Wale walked through a world with no roads.

The sky was blank parchment. The ground, a flat stretch of grey mist. Here, beyond the End Page, no stories lived. No narratives breathed. It was a space meant only for things left behind—scrapped characters, severed plot threads, broken arcs.

He did not know how long he'd walked. Time here was not a character.

He was alone.

And then, he wasn't.

"Found you."

Wale turned.

A figure stood behind him—half-formed, flickering in and out, like a sentence never finished. Its face was and wasn't his. Its voice shifted through tones: a child's, a scholar's, a beast's.

"You're the ghost," Wale said.

"No," the thing smiled. "I'm what you left behind."

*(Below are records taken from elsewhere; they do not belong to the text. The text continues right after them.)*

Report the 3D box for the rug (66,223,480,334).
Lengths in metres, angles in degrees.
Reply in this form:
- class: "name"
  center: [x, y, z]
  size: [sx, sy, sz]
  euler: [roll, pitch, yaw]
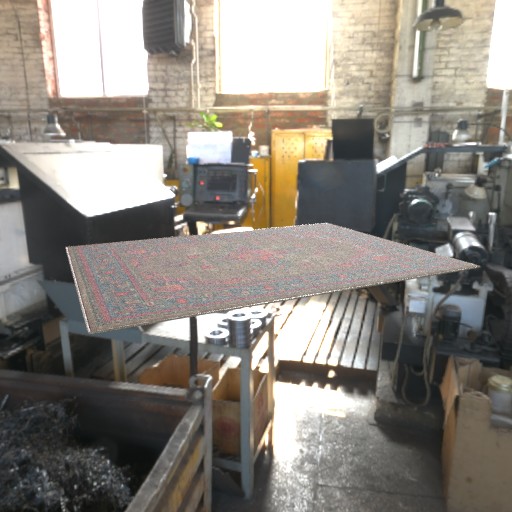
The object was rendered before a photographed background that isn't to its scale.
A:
- class: "rug"
  center: [0.000, 0.000, 2.888]
  size: [2.214, 0.013, 1.609]
  euler: [-7, 16, -25]
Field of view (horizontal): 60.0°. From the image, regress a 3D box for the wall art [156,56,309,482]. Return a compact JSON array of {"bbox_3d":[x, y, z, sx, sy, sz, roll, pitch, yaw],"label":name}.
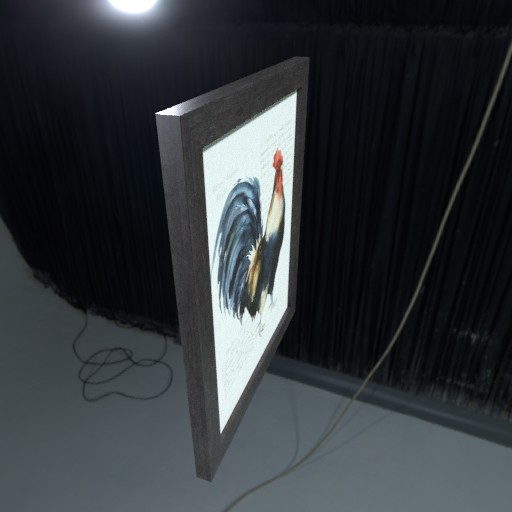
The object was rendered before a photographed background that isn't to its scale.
[{"bbox_3d":[0.000,0.000,0.766,0.027,0.580,0.479,11,32,18],"label":"wall art"}]
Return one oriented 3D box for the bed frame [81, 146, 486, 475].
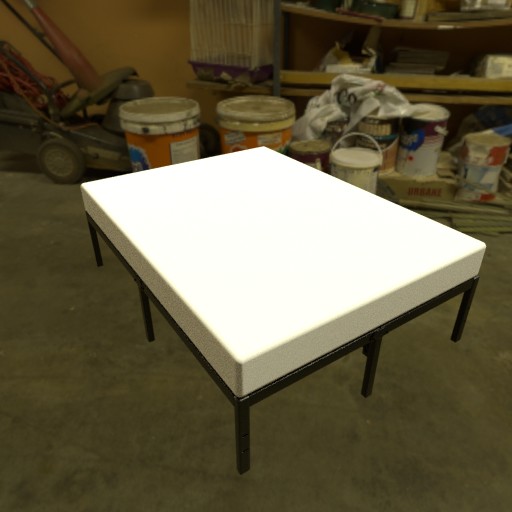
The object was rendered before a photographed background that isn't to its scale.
[{"bbox_3d":[0.000,0.000,2.830,1.557,0.659,2.072,-19,36,-29],"label":"bed frame"}]
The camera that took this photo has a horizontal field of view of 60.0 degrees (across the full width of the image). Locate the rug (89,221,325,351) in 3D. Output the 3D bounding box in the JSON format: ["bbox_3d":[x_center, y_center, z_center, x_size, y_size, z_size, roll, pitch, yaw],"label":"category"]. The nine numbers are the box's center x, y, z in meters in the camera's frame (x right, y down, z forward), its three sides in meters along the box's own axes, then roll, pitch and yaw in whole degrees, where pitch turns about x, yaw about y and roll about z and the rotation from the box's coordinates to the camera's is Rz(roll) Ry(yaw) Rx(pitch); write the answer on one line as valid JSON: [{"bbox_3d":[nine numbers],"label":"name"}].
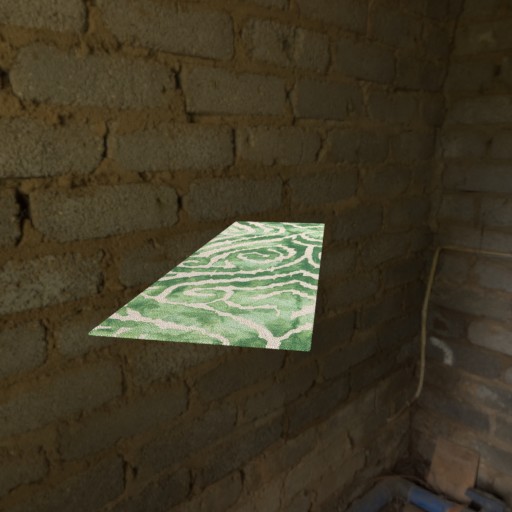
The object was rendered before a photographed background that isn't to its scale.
[{"bbox_3d":[0.000,0.000,2.629,0.761,0.006,2.438,2,14,9],"label":"rug"}]
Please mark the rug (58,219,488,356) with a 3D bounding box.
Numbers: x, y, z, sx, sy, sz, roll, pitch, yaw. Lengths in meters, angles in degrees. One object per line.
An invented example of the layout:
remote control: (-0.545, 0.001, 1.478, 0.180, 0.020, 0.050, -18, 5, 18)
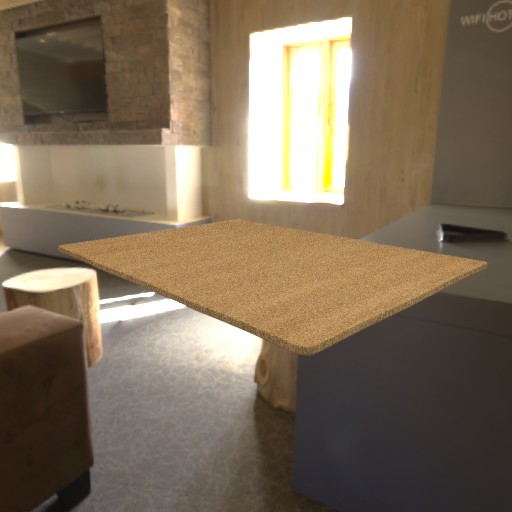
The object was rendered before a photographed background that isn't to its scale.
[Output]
rug: (0.000, 0.000, 2.032, 1.199, 0.025, 1.600, -13, 19, -42)
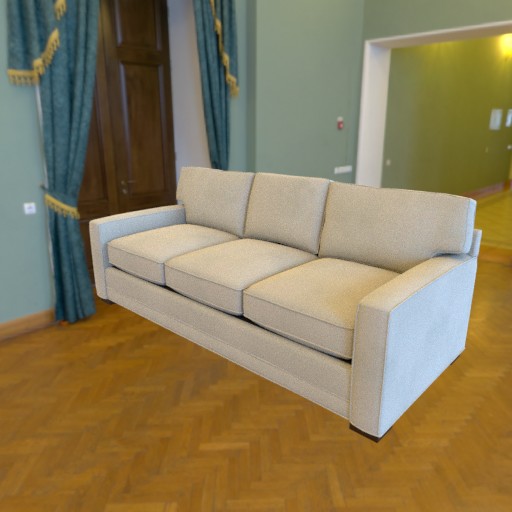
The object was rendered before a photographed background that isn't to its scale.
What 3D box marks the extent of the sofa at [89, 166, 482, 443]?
[{"bbox_3d":[0.000,0.000,2.524,2.088,0.862,0.935,15,23,40],"label":"sofa"}]
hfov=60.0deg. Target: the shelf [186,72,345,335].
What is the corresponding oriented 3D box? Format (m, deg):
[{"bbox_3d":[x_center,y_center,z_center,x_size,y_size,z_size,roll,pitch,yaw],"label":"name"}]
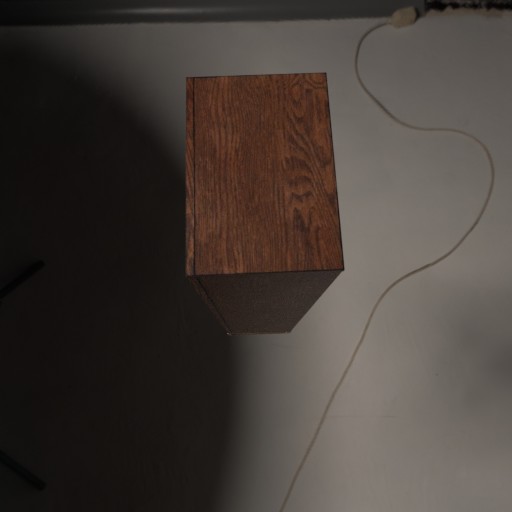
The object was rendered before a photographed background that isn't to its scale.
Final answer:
[{"bbox_3d":[0.000,0.000,1.938,0.395,1.732,0.539,-2,75,-1],"label":"shelf"}]
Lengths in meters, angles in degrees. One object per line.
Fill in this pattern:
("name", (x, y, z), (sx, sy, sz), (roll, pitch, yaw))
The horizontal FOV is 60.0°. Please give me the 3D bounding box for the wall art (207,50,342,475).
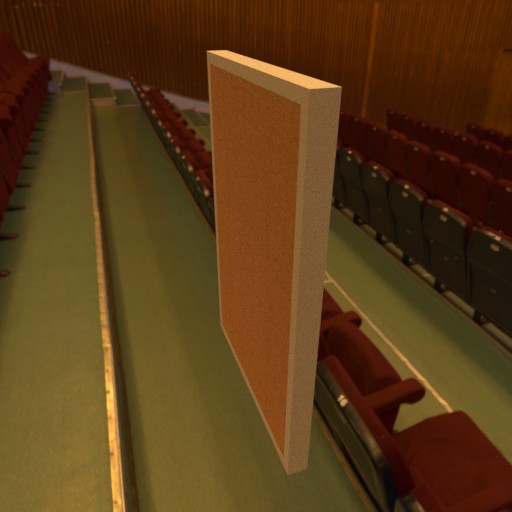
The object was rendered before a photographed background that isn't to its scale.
("wall art", (0.000, 0.000, 0.535), (0.025, 0.428, 0.293), (-10, 31, -17))
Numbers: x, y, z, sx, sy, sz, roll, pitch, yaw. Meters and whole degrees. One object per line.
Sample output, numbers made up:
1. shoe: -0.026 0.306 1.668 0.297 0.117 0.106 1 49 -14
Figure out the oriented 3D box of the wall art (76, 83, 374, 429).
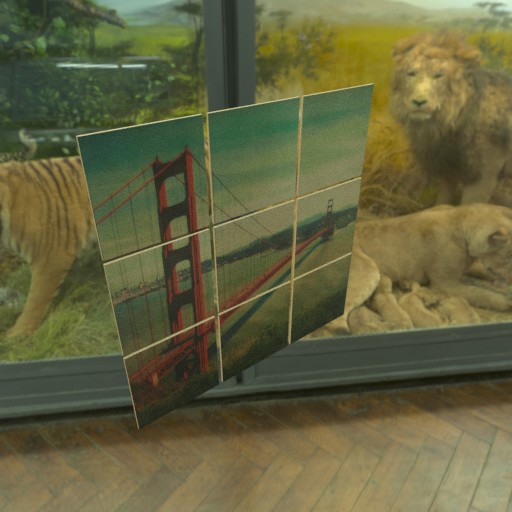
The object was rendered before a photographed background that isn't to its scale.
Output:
1. wall art: 0.000 0.000 2.274 1.519 1.507 0.014 -22 38 -31
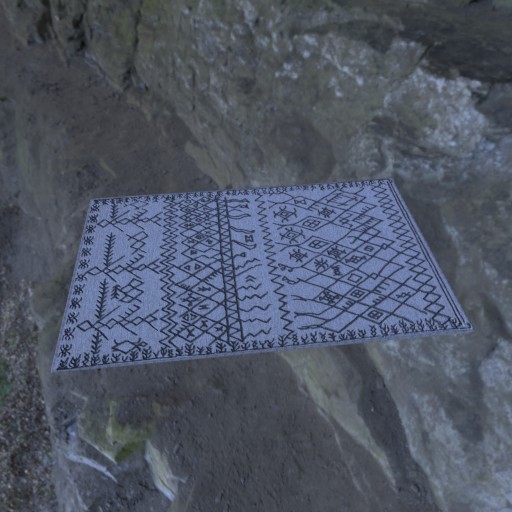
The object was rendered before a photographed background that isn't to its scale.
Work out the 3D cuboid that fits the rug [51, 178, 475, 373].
[{"bbox_3d":[0.000,0.000,3.059,2.444,0.012,1.526,-5,46,-4],"label":"rug"}]
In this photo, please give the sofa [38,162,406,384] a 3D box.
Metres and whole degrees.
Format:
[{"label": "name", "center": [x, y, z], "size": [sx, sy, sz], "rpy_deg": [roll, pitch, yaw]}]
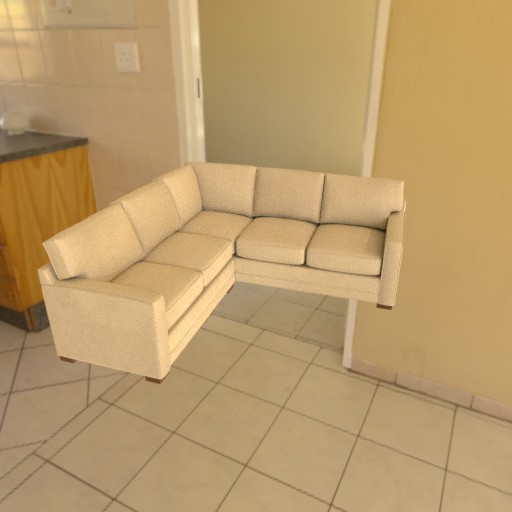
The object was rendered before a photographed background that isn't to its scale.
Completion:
[{"label": "sofa", "center": [0.000, 0.000, 3.490], "size": [2.189, 0.939, 2.182], "rpy_deg": [8, 27, 16]}]
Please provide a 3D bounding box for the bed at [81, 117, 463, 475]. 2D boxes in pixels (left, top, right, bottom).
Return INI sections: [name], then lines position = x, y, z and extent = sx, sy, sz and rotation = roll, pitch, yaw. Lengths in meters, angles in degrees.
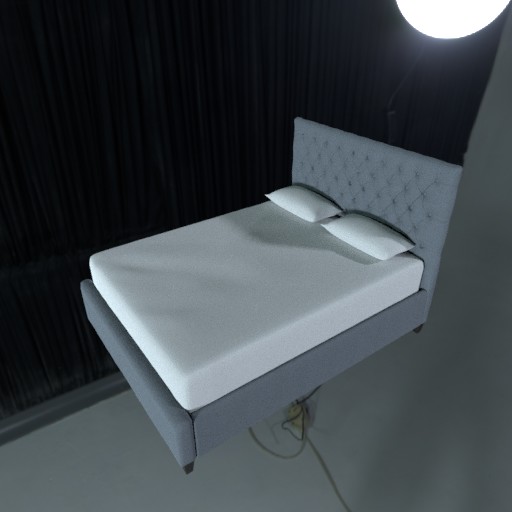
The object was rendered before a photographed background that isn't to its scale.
[bed]
position = 0.000, 0.000, 3.322
extent = 2.231, 1.427, 1.698
rotation = -20, 36, -30
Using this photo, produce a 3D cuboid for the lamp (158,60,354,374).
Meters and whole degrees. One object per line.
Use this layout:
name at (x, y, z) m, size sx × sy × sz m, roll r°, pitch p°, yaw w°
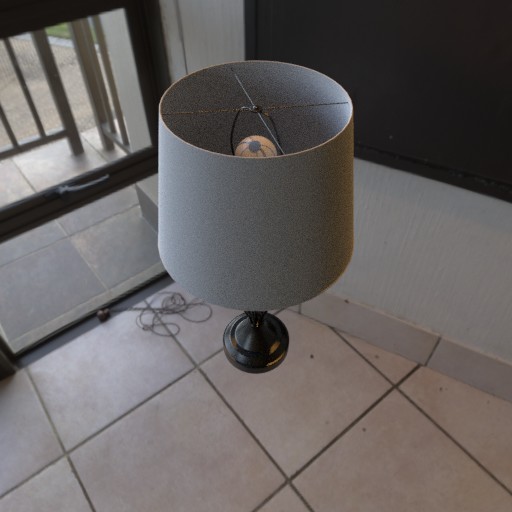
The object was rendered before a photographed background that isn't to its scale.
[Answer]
lamp at (0.000, 0.000, 0.799) m, size 0.331 × 0.594 × 0.331 m, roll 0°, pitch 47°, yaw 0°
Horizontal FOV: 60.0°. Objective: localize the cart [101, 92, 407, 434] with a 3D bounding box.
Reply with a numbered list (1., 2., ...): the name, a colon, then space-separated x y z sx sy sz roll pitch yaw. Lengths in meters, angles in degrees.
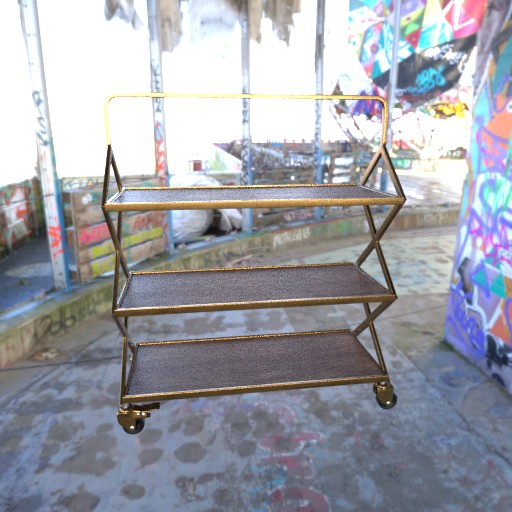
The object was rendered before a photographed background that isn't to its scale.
1. cart: 0.000 0.000 1.168 0.723 0.805 0.313 -2 16 -8
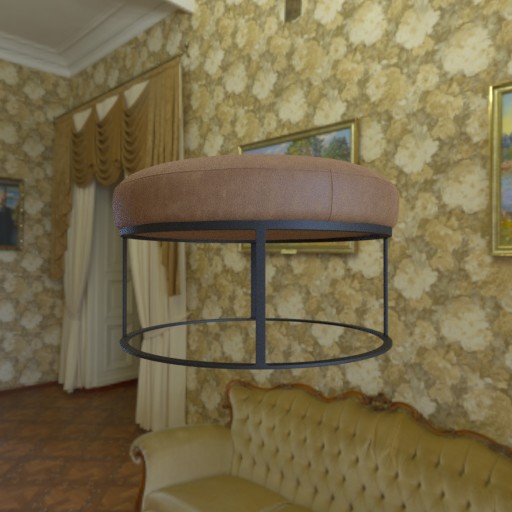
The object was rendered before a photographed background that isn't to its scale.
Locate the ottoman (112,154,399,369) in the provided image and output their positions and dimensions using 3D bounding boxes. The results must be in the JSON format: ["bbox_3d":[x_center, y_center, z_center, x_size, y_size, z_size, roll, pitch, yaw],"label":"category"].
[{"bbox_3d":[0.000,0.000,1.252,0.771,0.460,0.771,0,-1,0],"label":"ottoman"}]
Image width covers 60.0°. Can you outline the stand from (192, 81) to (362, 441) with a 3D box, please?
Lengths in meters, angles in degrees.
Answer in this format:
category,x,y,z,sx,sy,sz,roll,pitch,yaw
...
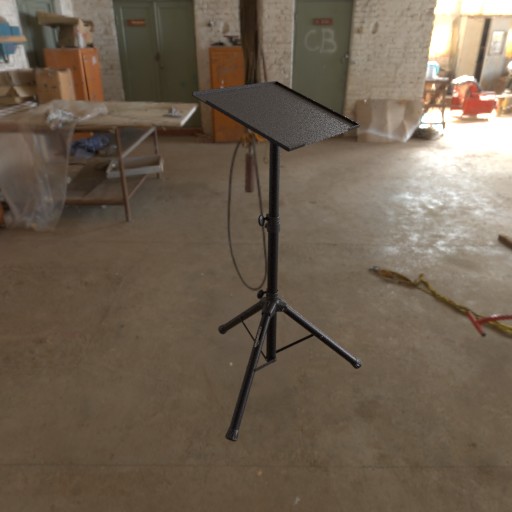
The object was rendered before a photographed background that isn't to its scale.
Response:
category,x,y,z,sx,sy,sz,roll,pitch,yaw
stand,0.000,0.000,1.693,0.702,1.198,0.702,18,32,32
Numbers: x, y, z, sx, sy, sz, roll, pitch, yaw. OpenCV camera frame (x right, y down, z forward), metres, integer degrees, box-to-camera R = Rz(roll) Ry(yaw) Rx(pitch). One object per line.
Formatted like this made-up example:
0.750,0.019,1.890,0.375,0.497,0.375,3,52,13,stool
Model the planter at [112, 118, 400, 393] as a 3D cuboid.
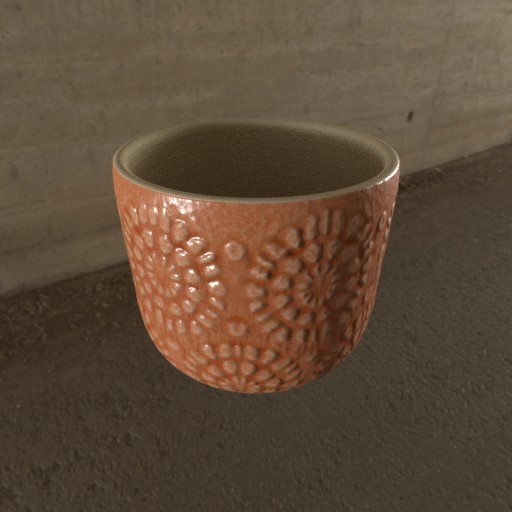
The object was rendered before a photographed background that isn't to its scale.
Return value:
0.000,0.000,0.222,0.124,0.109,0.124,0,30,0,planter
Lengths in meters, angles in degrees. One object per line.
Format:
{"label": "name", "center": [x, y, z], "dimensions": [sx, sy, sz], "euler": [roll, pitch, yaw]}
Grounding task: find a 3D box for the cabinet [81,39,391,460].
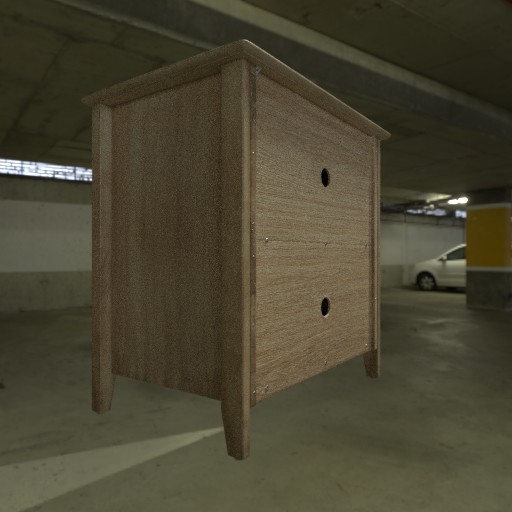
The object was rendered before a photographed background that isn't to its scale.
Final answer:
{"label": "cabinet", "center": [0.000, 0.000, 1.229], "dimensions": [0.503, 0.762, 0.763], "euler": [0, 0, 36]}
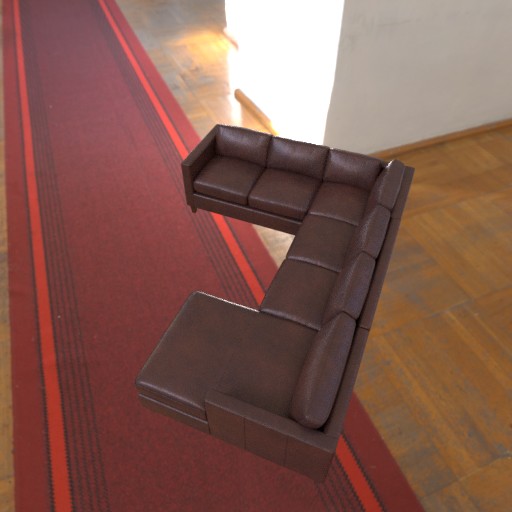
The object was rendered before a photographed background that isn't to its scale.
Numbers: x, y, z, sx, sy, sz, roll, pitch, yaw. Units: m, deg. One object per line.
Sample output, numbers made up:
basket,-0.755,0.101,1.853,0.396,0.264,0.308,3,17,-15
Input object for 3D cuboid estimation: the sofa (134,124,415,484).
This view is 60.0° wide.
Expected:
sofa,0.000,0.000,4.379,2.452,0.891,3.324,17,49,15
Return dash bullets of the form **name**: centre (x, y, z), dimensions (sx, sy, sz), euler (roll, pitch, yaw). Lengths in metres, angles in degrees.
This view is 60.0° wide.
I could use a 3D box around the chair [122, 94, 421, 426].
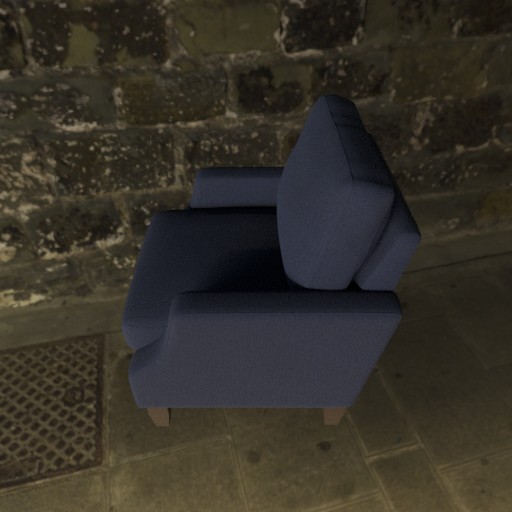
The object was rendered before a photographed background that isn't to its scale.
- **chair**: centre (0.000, 0.000, 1.638), dimensions (0.897, 0.991, 0.855), euler (0, 40, 0)
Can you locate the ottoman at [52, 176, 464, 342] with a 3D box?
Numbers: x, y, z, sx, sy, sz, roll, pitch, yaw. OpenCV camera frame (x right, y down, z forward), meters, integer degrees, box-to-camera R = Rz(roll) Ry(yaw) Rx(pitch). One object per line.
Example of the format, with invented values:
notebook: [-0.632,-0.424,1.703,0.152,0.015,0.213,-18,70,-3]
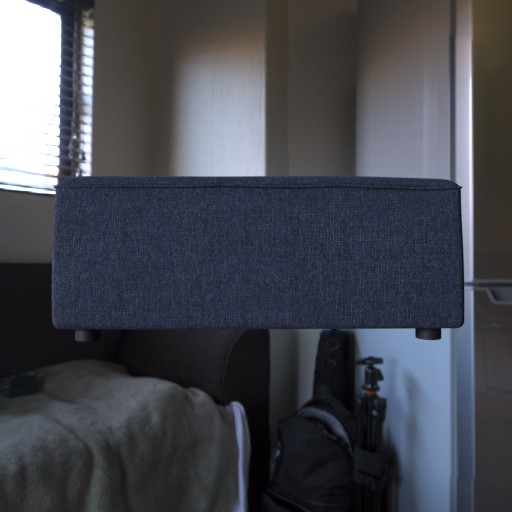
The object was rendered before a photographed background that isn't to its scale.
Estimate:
ottoman: [0.000,0.000,1.560,1.017,0.423,1.023,0,0,-1]
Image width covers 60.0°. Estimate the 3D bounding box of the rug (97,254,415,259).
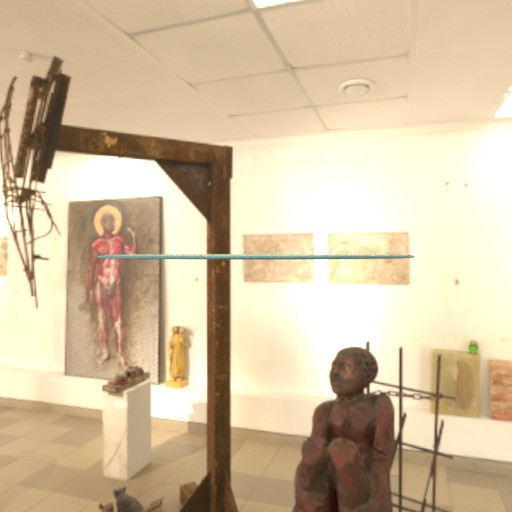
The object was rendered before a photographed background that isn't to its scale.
[{"bbox_3d":[0.000,0.000,2.362,1.593,0.012,1.593,0,0,0],"label":"rug"}]
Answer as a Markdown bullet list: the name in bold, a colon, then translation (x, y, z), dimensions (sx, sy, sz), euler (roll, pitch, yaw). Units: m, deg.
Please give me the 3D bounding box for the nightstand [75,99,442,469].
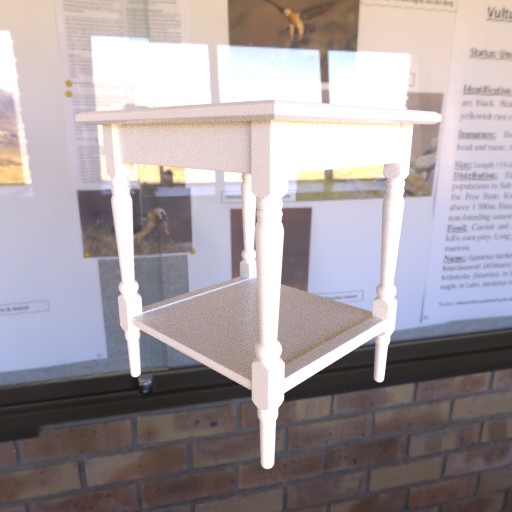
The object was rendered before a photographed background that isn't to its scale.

It took form—a jagged, burned version of Wale himself, cloaked in the ash of every memory he tried to suppress.

The Original Draft.

Back in the waking world, Chris stared at the broken horizon of the rewritten world.

Cities had returned.

The sun had resumed.

But something was wrong.

Grey approached from the ridge. "Still no sign of Wale?"

She shook her head. "It's like he doesn't exist here. Like he stayed beyond the page."

Grey knelt beside her, brushing soot from his gauntlets. "He made his choice."

Kairo's voice whispered through the air. "But that doesn't mean the story's done."

Wale stood across from the ghost of himself.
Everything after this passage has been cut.